On the assumption that DRS is here to stay (and with an England v Pakistan cricket series upon us it is probably compulsory if the two countries are to avoid closing embassies and recalling diplomats) it is interesting to look back at its unsophisticated beginnings, which in England came with the first television line decision back in 1993.

It was during a Benson & HedgesCup match between Surrey and Lancashire at the Oval, and so keen were the umpires to give the new experiment an airing, that when Wasim Akram was run out by what the officials admitted later was at least a yard, they referred it upstairs anyway just to get it up and running.

However, when the third umpire consulted the slow motion replay, the view of the crease was entirely obliterated by the square leg umpire’s posterior, which, given the fact that it belonged to David Shepherd, could not unreasonably be described as ample. Ergo, the first ever DRS referral in England, from just the one primitive camera, was a total balls up.

It’s all different now, with cameras not only all over the field but implanted in the stumps, and soon, I’ll wager, to be strapped to the umpire’s head, the spare helmet behind the wicketkeeper, the drinks trolley, and, pecking away in the outfield, one of Henry Blofeld’s pigeons. Giving a whole new meaning to a bird’s eye view.

Some would argue that cricket has lost some of his charm since DRS, and that one of the basic tenets of the game – the umpire’s decision is final – has been irrevocably lost. To be replaced, sometime in the not-too-distant future, by “the umpire’s decision is final. Just so long as it has first been referred to some bloke in front of a TV set, the House of Lords, and the European Court of Human Rights”.

Just imagine if WG Grace had referred the mysterious case of the fallen bail to the third umpire. Was it the wind, as the good doctor informed the umpire? Or was it a genuine case of clean bowled.

As great historical mysteries go, not quite in the same league as the Marie Celeste or Lord Lucan, but it would be nice to have had some hard evidence given WG’s reputation as a bit of a crook.

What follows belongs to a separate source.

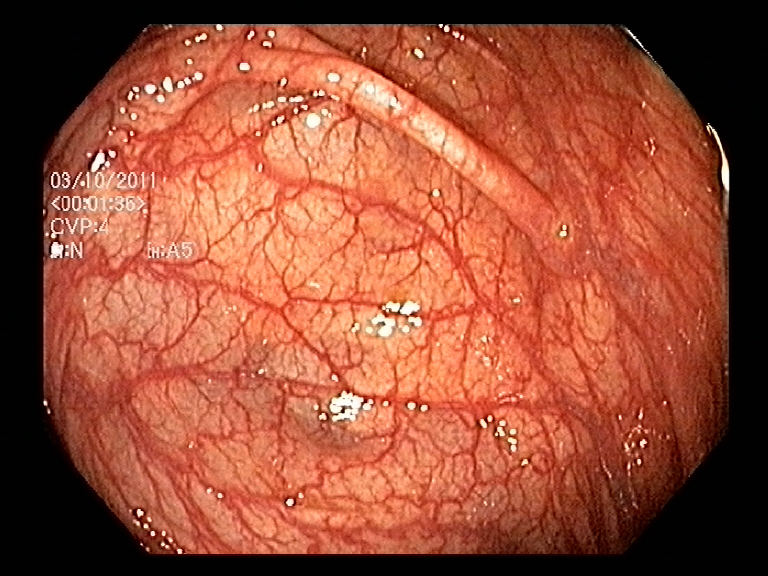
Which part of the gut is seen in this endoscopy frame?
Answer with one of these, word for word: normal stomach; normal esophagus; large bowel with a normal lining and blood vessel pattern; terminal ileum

large bowel with a normal lining and blood vessel pattern
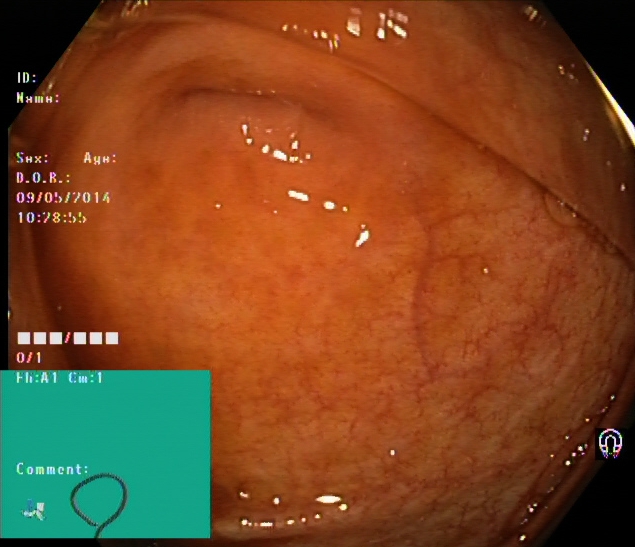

And therein lies a tale. Some people believe that DRS is the inevitable by-product of the noble game going down the same fraudulent path as football. Just as footballers have developed the canny knack of falling over for no apparent reason, so cricketers have morphed from scrupulously honest and upright citizens, to people who now practise their choirboy look in front of a mirror in the event of needing to convey innocence after a thick edge to the keeper.

However, it may actually be that DRS has actually brought a bit more honesty into the game, not so much a case of cricketers having had some kind of moral awakening as a practical re-appraisal. Closer – how can we put it? – to a loft conversion than a religious one.

Quite simply, a batsman will be more inclined to give himself out if he knows that the replay will come back showing a large glow on his outside edge, and revealing him, should he hang around waiting, to be a fraud. Needless to say, if the umpire’s finger remains in its holster, and the fielding side has run out of reviews, he’ll then come to a different conclusion. Namely that a licence to carry on batting is well worth it, if the only penalty is the barrage of sledging about to come his way.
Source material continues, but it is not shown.